The reduce function also takes key, values, context parameters and is called when the Map function completes. In this case, it takes output from all the mappers, and sums up all the values for a particular key. In the end you get word:count key value pair. This gives you a good feel of how map reduce works.

var reduce = function (key, values, context) {
    var sum = 0;
    while (values.hasNext()) {
        sum += parseInt(values.next());
    }
    context.write(key, sum);
};

To run map reduce against the dataset we have uploaded, we have to add the blob container in the cluster’s configuration page, if you are trying to learn how to create a new cluster. Please take a look at this video: Creating your first HDInsight cluster and run samples

HDInsight’s Default Storage Account: Windows Azure Blob Storage

The diagram below explains the difference between HDFS, or the distributed file system natively to Hadoop, and the Azure blob storage. Our engineering team had to do extra work to make the Azure blob storage system work with Hadoop.

The original HDFS uses of many local disks on the cluster, while azure blob storage is a remote storage system to all the compute nodes in the cluster. For beginners, all you have to know is that the HDInsight team has abstracted both systems for you through the HDFS tool. And you should use the Azure blob storage as a default, since when you tear down the cluster, all your files will still persist in the remote storage system.

On the other hand, when you tear down a cluster, the content you store on HDFS contained on the cluster will disappear with it. So, only store temp data that you don’t mind losing in HDFS. Or before you tear down the cluster, you should copy them to your blob storage account.

You can explicitly reference hdfs (local) by using hdfs:// while asv:/// to reference files in the blob storage system. (default).

Adding Additional Azure Blob Storage container to your HDInsight Cluster

On the head node of the HDInsight cluster in C:\apps\dist\hadoop-1.1.0-SNAPSHOT\conf\core-sites.html, you need to add:

<property>
<name>fs.azure.account.key.[account_name].blob.core.windows.net</name>
<value>[account-key]</value>
</property>

For example, in my account, I simply copied the default property and added the new name/key pair.

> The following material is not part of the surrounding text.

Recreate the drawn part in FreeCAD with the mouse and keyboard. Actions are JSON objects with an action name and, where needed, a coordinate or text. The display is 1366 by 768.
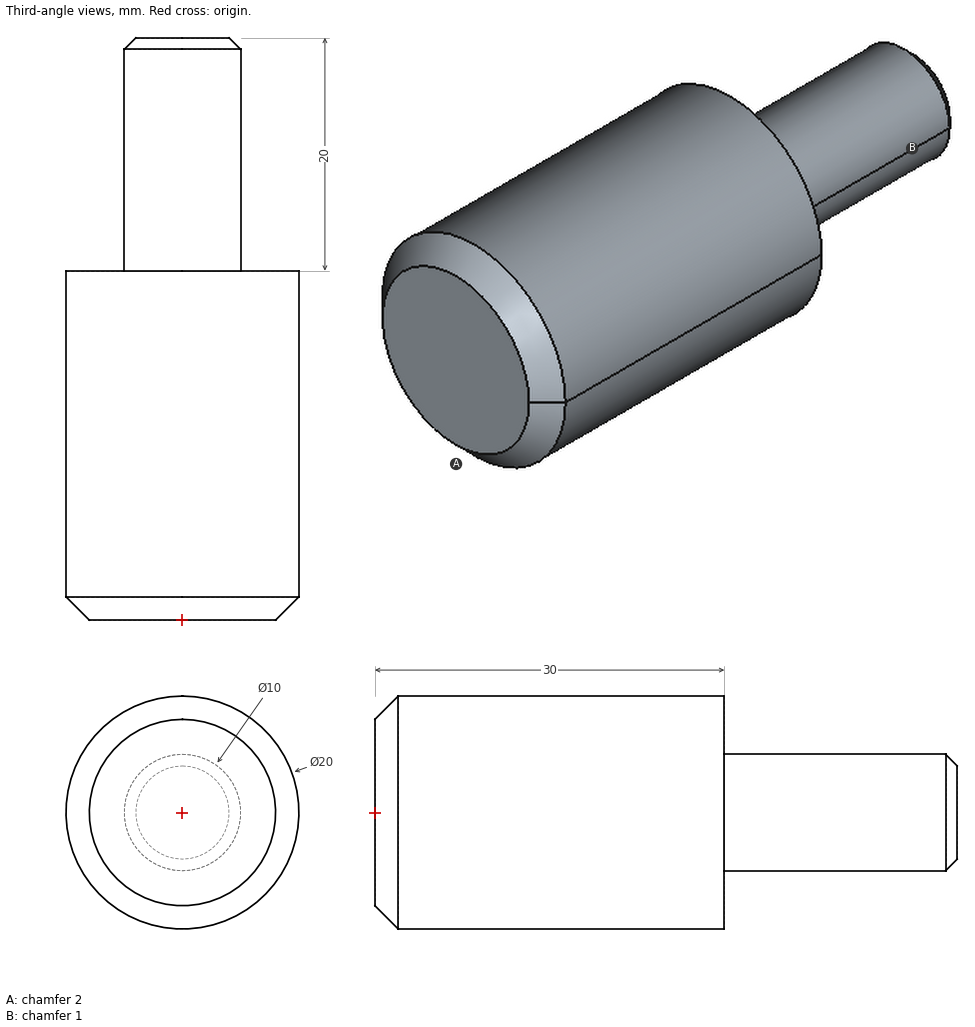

In the RDP session, using the Hadoop commandline console, we can verify the new storage can be accessed.

In the JavaScript Console, it works just the same.

Deploy and Run word count against the second storage

In the samples page in the HDInsight Console.

Deploy the Word Count sample.

Modify Parameter 1 to: asv://textfiles@gutenbergstore.blob.core.windows.net/ asv:///DaVinciAllTopWords

Navigate all the way back to the main page and click on Job History, find the job that you just started running.

You may also check more detailed progress in the RDP session, recall that we have 40 files, and there are 16 mappers total (16 cores) running in parallel. The current status is: 16 complete, 16 running 8 pending.

The job completed within about 10 minutes, and the results are stored in DaVinciAllTopWords directory.

The results is about 256mb

Conclusion

We showed you how to configure additional ASV storage on your HDInsight Cluster to run Map Reduce Jobs against. This concludes our 3 part blog Set.